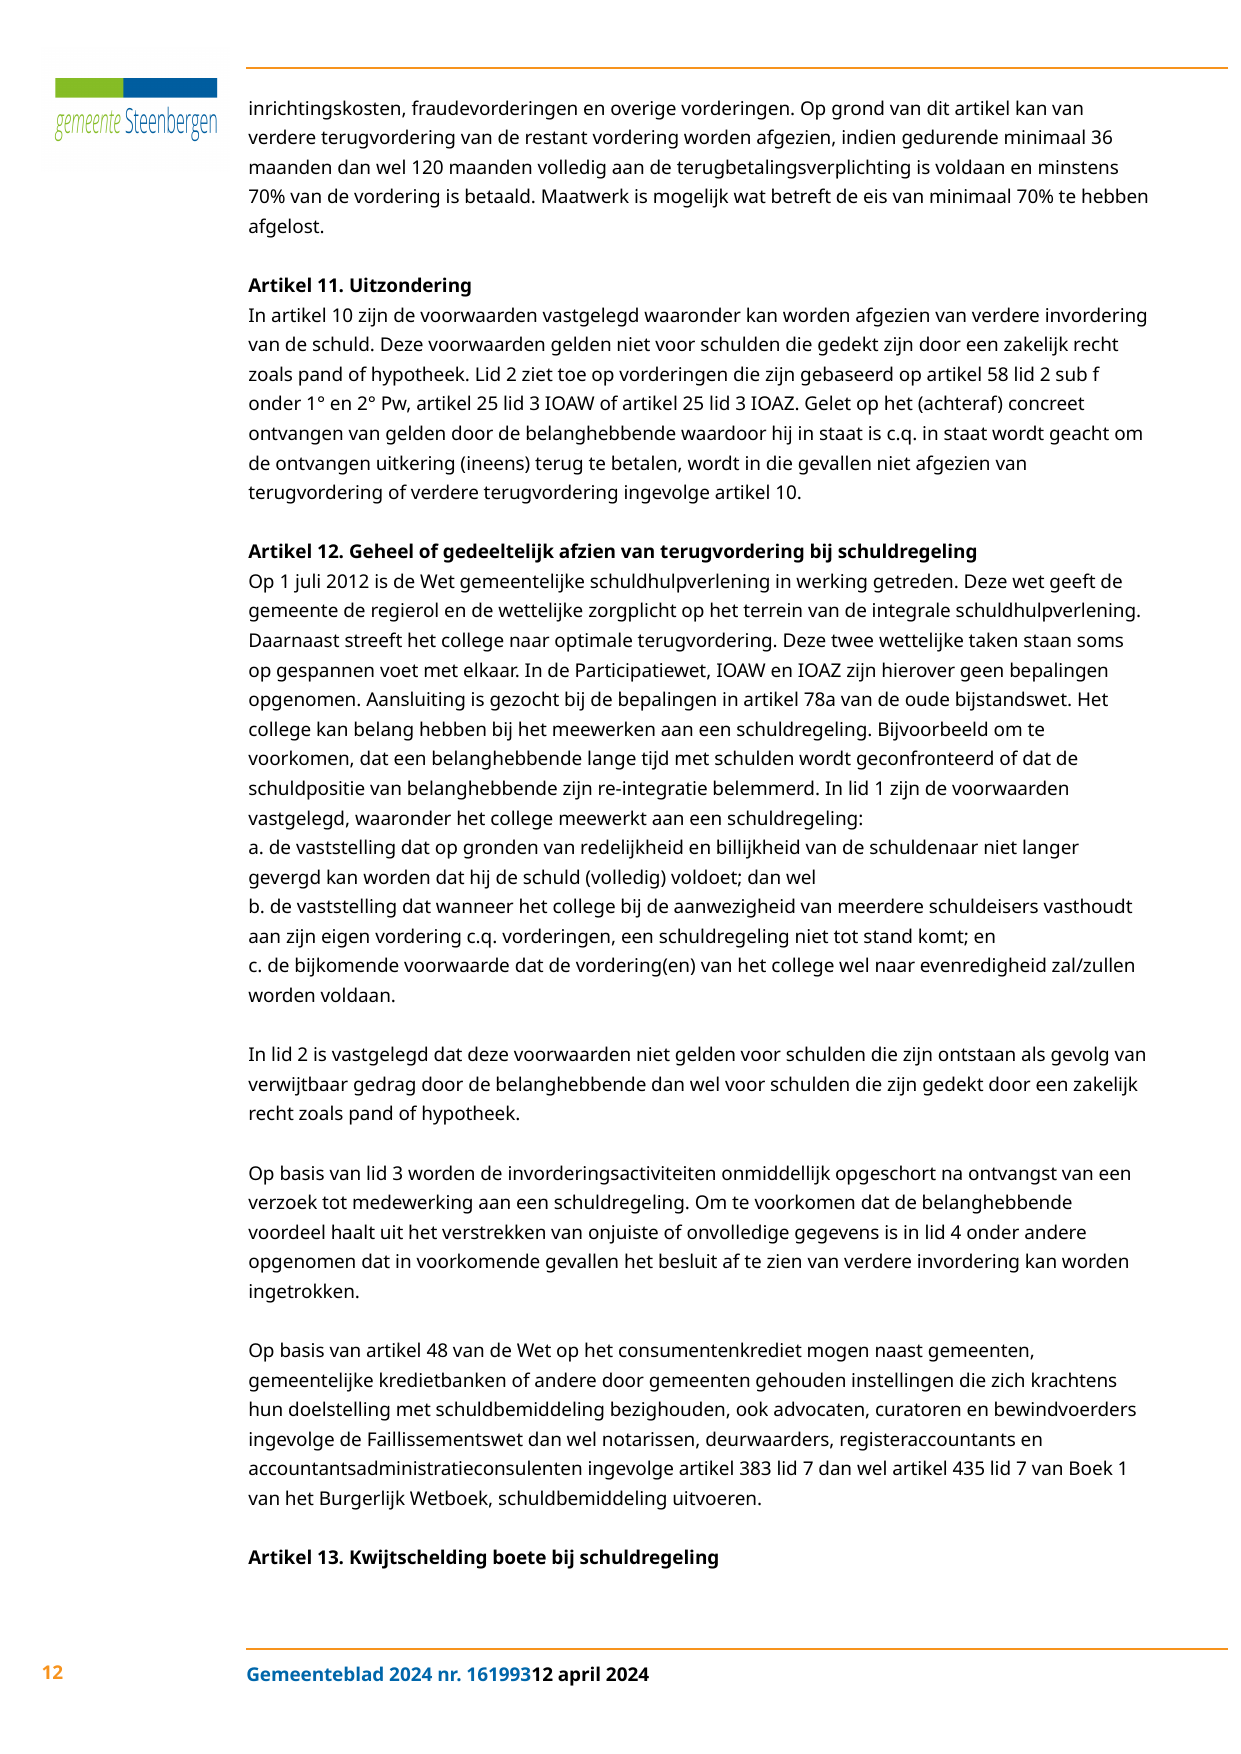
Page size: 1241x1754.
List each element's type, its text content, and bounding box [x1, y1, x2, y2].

text In artikel 10 zijn de voorwaarden vastgelegd waaronder kan worden afgezien van verdere invordering van de schuld. Deze voorwaarden gelden niet voor schulden die gedekt zijn door een zakelijk recht zoals pand of hypotheek. Lid 2 ziet toe op vorderingen die zijn gebaseerd op artikel 58 lid 2 sub f onder 1° en 2° Pw, artikel 25 lid 3 IOAW of artikel 25 lid 3 IOAZ. Gelet op het (achteraf) concreet ontvangen van gelden door de belanghebbende waardoor hij in staat is c.q. in staat wordt geacht om de ontvangen uitkering (ineens) terug te betalen, wordt in die gevallen niet afgezien van terugvordering of verdere terugvordering ingevolge artikel 10. [248, 302, 1152, 505]
text Artikel 13. Kwijtschelding boete bij schuldregeling [248, 1544, 1152, 1570]
text a. de vaststelling dat op gronden van redelijkheid en billijkheid van de schuldenaar niet langer gevergd kan worden dat hij de schuld (volledig) voldoet; dan wel [248, 834, 1152, 890]
text Artikel 12. Geheel of gedeeltelijk afzien van terugvordering bij schuldregeling [248, 538, 1152, 564]
text b. de vaststelling dat wanneer het college bij de aanwezigheid van meerdere schuldeisers vasthoudt aan zijn eigen vordering c.q. vorderingen, een schuldregeling niet tot stand komt; en [248, 893, 1152, 949]
text In lid 2 is vastgelegd dat deze voorwaarden niet gelden voor schulden die zijn ontstaan als gevolg van verwijtbaar gedrag door de belanghebbende dan wel voor schulden die zijn gedekt door een zakelijk recht zoals pand of hypotheek. [248, 1041, 1152, 1126]
text Op basis van lid 3 worden de invorderingsactiviteiten onmiddellijk opgeschort na ontvangst van een verzoek tot medewerking aan een schuldregeling. Om te voorkomen dat de belanghebbende voordeel haalt uit het verstrekken van onjuiste of onvolledige gegevens is in lid 4 onder andere opgenomen dat in voorkomende gevallen het besluit af te zien van verdere invordering kan worden ingetrokken. [248, 1160, 1152, 1304]
text c. de bijkomende voorwaarde dat de vordering(en) van het college wel naar evenredigheid zal/zullen worden voldaan. [248, 953, 1152, 1008]
text Op basis van artikel 48 van de Wet op het consumentenkrediet mogen naast gemeenten, gemeentelijke kredietbanken of andere door gemeenten gehouden instellingen die zich krachtens hun doelstelling met schuldbemiddeling bezighouden, ook advocaten, curatoren en bewindvoerders ingevolge de Faillissementswet dan wel notarissen, deurwaarders, registeraccountants en accountantsadministratieconsulenten ingevolge artikel 383 lid 7 dan wel artikel 435 lid 7 van Boek 1 van het Burgerlijk Wetboek, schuldbemiddeling uitvoeren. [248, 1337, 1152, 1511]
text Artikel 11. Uitzondering [248, 272, 1152, 298]
text Op 1 juli 2012 is de Wet gemeentelijke schuldhulpverlening in werking getreden. Deze wet geeft de gemeente de regierol en de wettelijke zorgplicht op het terrein van de integrale schuldhulpverlening. Daarnaast streeft het college naar optimale terugvordering. Deze twee wettelijke taken staan soms op gespannen voet met elkaar. In de Participatiewet, IOAW en IOAZ zijn hierover geen bepalingen opgenomen. Aansluiting is gezocht bij de bepalingen in artikel 78a van de oude bijstandswet. Het college kan belang hebben bij het meewerken aan een schuldregeling. Bijvoorbeeld om te voorkomen, dat een belanghebbende lange tijd met schulden wordt geconfronteerd of dat de schuldpositie van belanghebbende zijn re-integratie belemmerd. In lid 1 zijn de voorwaarden vastgelegd, waaronder het college meewerkt aan een schuldregeling: [248, 568, 1152, 831]
text inrichtingskosten, fraudevorderingen en overige vorderingen. Op grond van dit artikel kan van verdere terugvordering van de restant vordering worden afgezien, indien gedurende minimaal 36 maanden dan wel 120 maanden volledig aan de terugbetalingsverplichting is voldaan en minstens 70% van de vordering is betaald. Maatwerk is mogelijk wat betreft de eis van minimaal 70% te hebben afgelost. [248, 95, 1152, 239]
picture [41, 47, 231, 172]
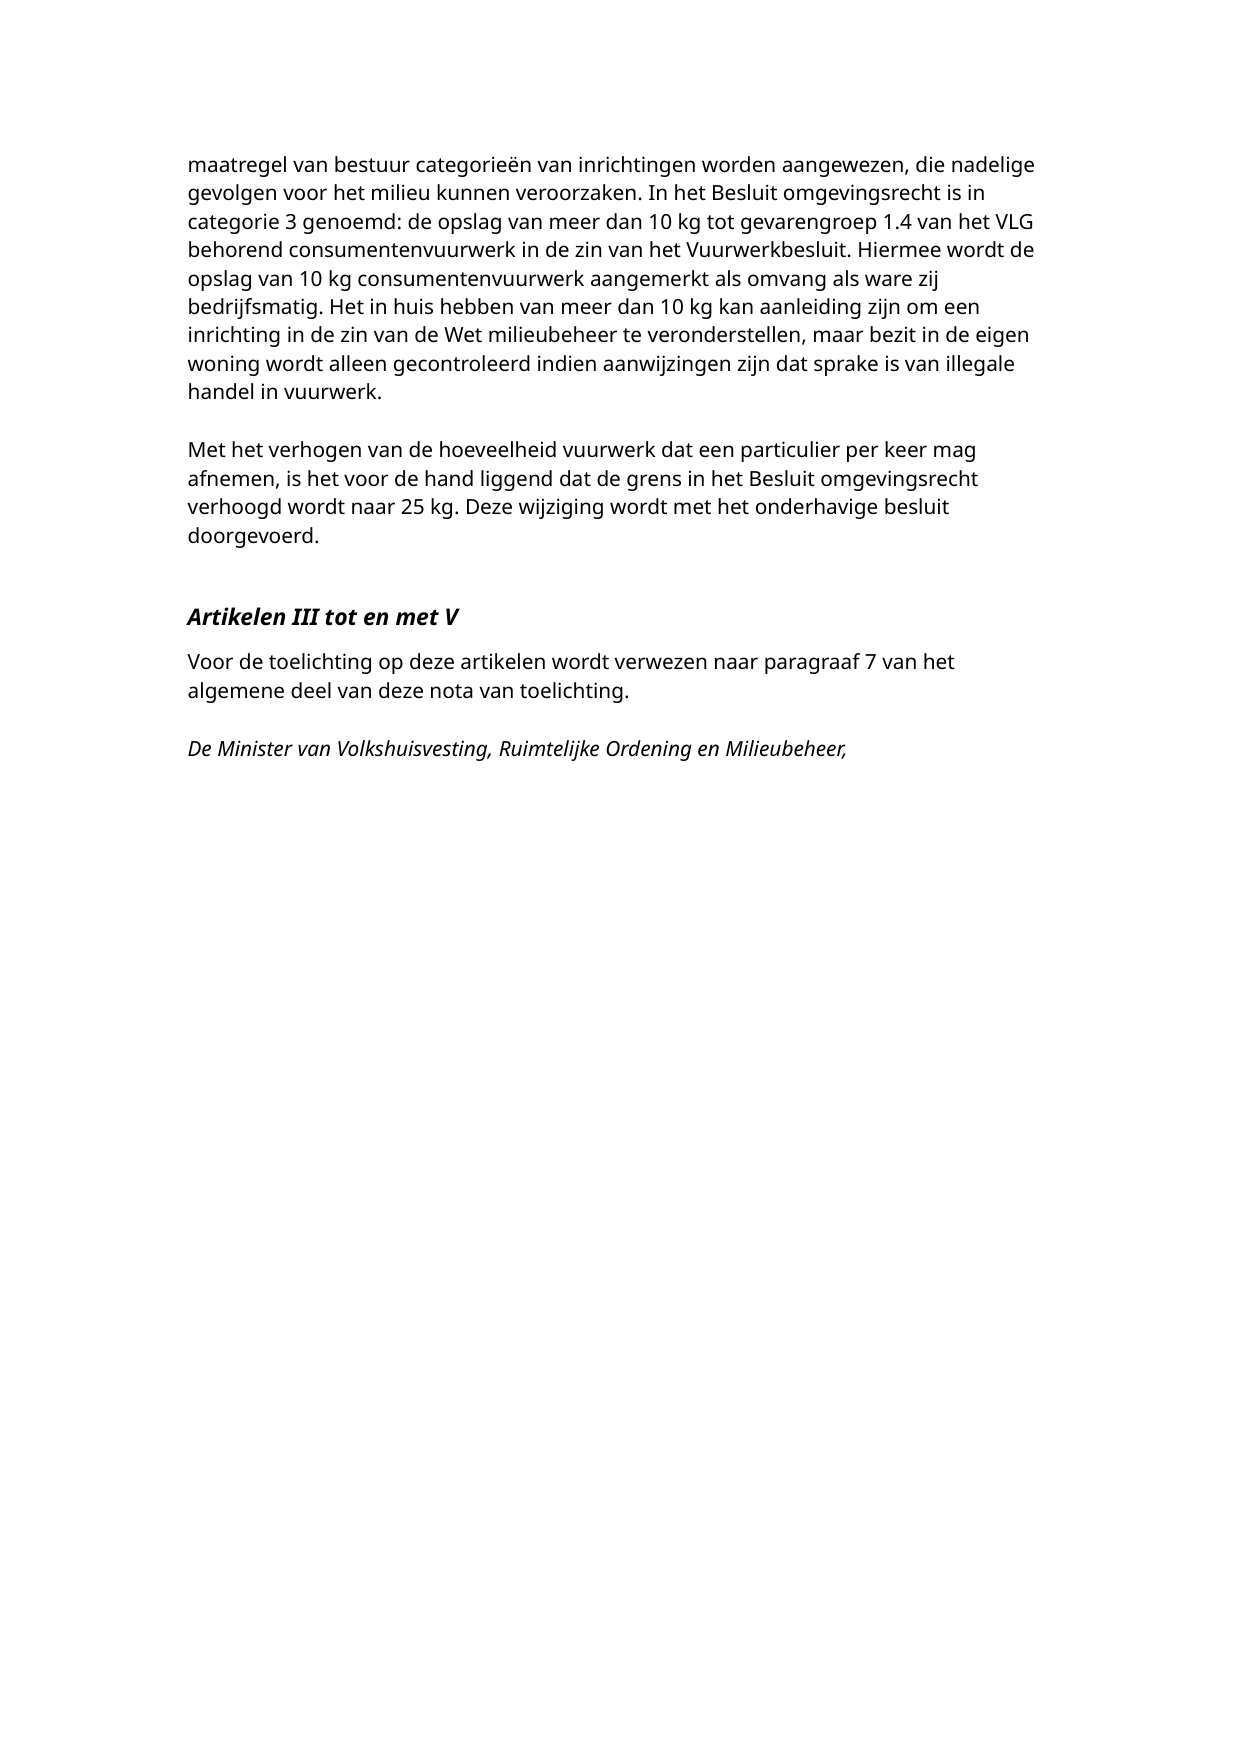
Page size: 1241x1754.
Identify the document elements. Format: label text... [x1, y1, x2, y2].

text De Minister van Volkshuisvesting, Ruimtelijke Ordening en Milieubeheer, [187, 734, 1053, 762]
text Met het verhogen van de hoeveelheid vuurwerk dat een particulier per keer mag afnemen, is het voor de hand liggend dat de grens in het Besluit omgevingsrecht verhoogd wordt naar 25 kg. Deze wijziging wordt met het onderhavige besluit doorgevoerd. [187, 435, 1053, 549]
subtitle Artikelen III tot en met V [187, 601, 1053, 632]
text Voor de toelichting op deze artikelen wordt verwezen naar paragraaf 7 van het algemene deel van deze nota van toelichting. [187, 647, 1053, 704]
text maatregel van bestuur categorieën van inrichtingen worden aangewezen, die nadelige gevolgen voor het milieu kunnen veroorzaken. In het Besluit omgevingsrecht is in categorie 3 genoemd: de opslag van meer dan 10 kg tot gevarengroep 1.4 van het VLG behorend consumentenvuurwerk in de zin van het Vuurwerkbesluit. Hiermee wordt de opslag van 10 kg consumentenvuurwerk aangemerkt als omvang als ware zij bedrijfsmatig. Het in huis hebben van meer dan 10 kg kan aanleiding zijn om een inrichting in de zin van de Wet milieubeheer te veronderstellen, maar bezit in de eigen woning wordt alleen gecontroleerd indien aanwijzingen zijn dat sprake is van illegale handel in vuurwerk. [187, 150, 1053, 406]

————————

What the exercise asks: Write the entries above out again exactly, but not the pictures.

Output for this exercise:
Page size: 1241x1754.
List each element's type, its text content, and bounding box [x1, y1, x2, y2].

text In artikel 10 zijn de voorwaarden vastgelegd waaronder kan worden afgezien van verdere invordering van de schuld. Deze voorwaarden gelden niet voor schulden die gedekt zijn door een zakelijk recht zoals pand of hypotheek. Lid 2 ziet toe op vorderingen die zijn gebaseerd op artikel 58 lid 2 sub f onder 1° en 2° Pw, artikel 25 lid 3 IOAW of artikel 25 lid 3 IOAZ. Gelet op het (achteraf) concreet ontvangen van gelden door de belanghebbende waardoor hij in staat is c.q. in staat wordt geacht om de ontvangen uitkering (ineens) terug te betalen, wordt in die gevallen niet afgezien van terugvordering of verdere terugvordering ingevolge artikel 10. [248, 302, 1152, 505]
text Artikel 13. Kwijtschelding boete bij schuldregeling [248, 1544, 1152, 1570]
text a. de vaststelling dat op gronden van redelijkheid en billijkheid van de schuldenaar niet langer gevergd kan worden dat hij de schuld (volledig) voldoet; dan wel [248, 834, 1152, 890]
text Artikel 12. Geheel of gedeeltelijk afzien van terugvordering bij schuldregeling [248, 538, 1152, 564]
text b. de vaststelling dat wanneer het college bij de aanwezigheid van meerdere schuldeisers vasthoudt aan zijn eigen vordering c.q. vorderingen, een schuldregeling niet tot stand komt; en [248, 893, 1152, 949]
text In lid 2 is vastgelegd dat deze voorwaarden niet gelden voor schulden die zijn ontstaan als gevolg van verwijtbaar gedrag door de belanghebbende dan wel voor schulden die zijn gedekt door een zakelijk recht zoals pand of hypotheek. [248, 1041, 1152, 1126]
text Op basis van lid 3 worden de invorderingsactiviteiten onmiddellijk opgeschort na ontvangst van een verzoek tot medewerking aan een schuldregeling. Om te voorkomen dat de belanghebbende voordeel haalt uit het verstrekken van onjuiste of onvolledige gegevens is in lid 4 onder andere opgenomen dat in voorkomende gevallen het besluit af te zien van verdere invordering kan worden ingetrokken. [248, 1160, 1152, 1304]
text c. de bijkomende voorwaarde dat de vordering(en) van het college wel naar evenredigheid zal/zullen worden voldaan. [248, 953, 1152, 1008]
text Op basis van artikel 48 van de Wet op het consumentenkrediet mogen naast gemeenten, gemeentelijke kredietbanken of andere door gemeenten gehouden instellingen die zich krachtens hun doelstelling met schuldbemiddeling bezighouden, ook advocaten, curatoren en bewindvoerders ingevolge de Faillissementswet dan wel notarissen, deurwaarders, registeraccountants en accountantsadministratieconsulenten ingevolge artikel 383 lid 7 dan wel artikel 435 lid 7 van Boek 1 van het Burgerlijk Wetboek, schuldbemiddeling uitvoeren. [248, 1337, 1152, 1511]
text Artikel 11. Uitzondering [248, 272, 1152, 298]
text Op 1 juli 2012 is de Wet gemeentelijke schuldhulpverlening in werking getreden. Deze wet geeft de gemeente de regierol en de wettelijke zorgplicht op het terrein van de integrale schuldhulpverlening. Daarnaast streeft het college naar optimale terugvordering. Deze twee wettelijke taken staan soms op gespannen voet met elkaar. In de Participatiewet, IOAW en IOAZ zijn hierover geen bepalingen opgenomen. Aansluiting is gezocht bij de bepalingen in artikel 78a van de oude bijstandswet. Het college kan belang hebben bij het meewerken aan een schuldregeling. Bijvoorbeeld om te voorkomen, dat een belanghebbende lange tijd met schulden wordt geconfronteerd of dat de schuldpositie van belanghebbende zijn re-integratie belemmerd. In lid 1 zijn de voorwaarden vastgelegd, waaronder het college meewerkt aan een schuldregeling: [248, 568, 1152, 831]
text inrichtingskosten, fraudevorderingen en overige vorderingen. Op grond van dit artikel kan van verdere terugvordering van de restant vordering worden afgezien, indien gedurende minimaal 36 maanden dan wel 120 maanden volledig aan de terugbetalingsverplichting is voldaan en minstens 70% van de vordering is betaald. Maatwerk is mogelijk wat betreft de eis van minimaal 70% te hebben afgelost. [248, 95, 1152, 239]
picture [41, 47, 231, 172]
Page size: 1241x1754.
Identify the document elements. Format: label text... [x1, y1, x2, y2].

text De Minister van Volkshuisvesting, Ruimtelijke Ordening en Milieubeheer, [187, 734, 1053, 762]
text Met het verhogen van de hoeveelheid vuurwerk dat een particulier per keer mag afnemen, is het voor de hand liggend dat de grens in het Besluit omgevingsrecht verhoogd wordt naar 25 kg. Deze wijziging wordt met het onderhavige besluit doorgevoerd. [187, 435, 1053, 549]
subtitle Artikelen III tot en met V [187, 601, 1053, 632]
text Voor de toelichting op deze artikelen wordt verwezen naar paragraaf 7 van het algemene deel van deze nota van toelichting. [187, 647, 1053, 704]
text maatregel van bestuur categorieën van inrichtingen worden aangewezen, die nadelige gevolgen voor het milieu kunnen veroorzaken. In het Besluit omgevingsrecht is in categorie 3 genoemd: de opslag van meer dan 10 kg tot gevarengroep 1.4 van het VLG behorend consumentenvuurwerk in de zin van het Vuurwerkbesluit. Hiermee wordt de opslag van 10 kg consumentenvuurwerk aangemerkt als omvang als ware zij bedrijfsmatig. Het in huis hebben van meer dan 10 kg kan aanleiding zijn om een inrichting in de zin van de Wet milieubeheer te veronderstellen, maar bezit in de eigen woning wordt alleen gecontroleerd indien aanwijzingen zijn dat sprake is van illegale handel in vuurwerk. [187, 150, 1053, 406]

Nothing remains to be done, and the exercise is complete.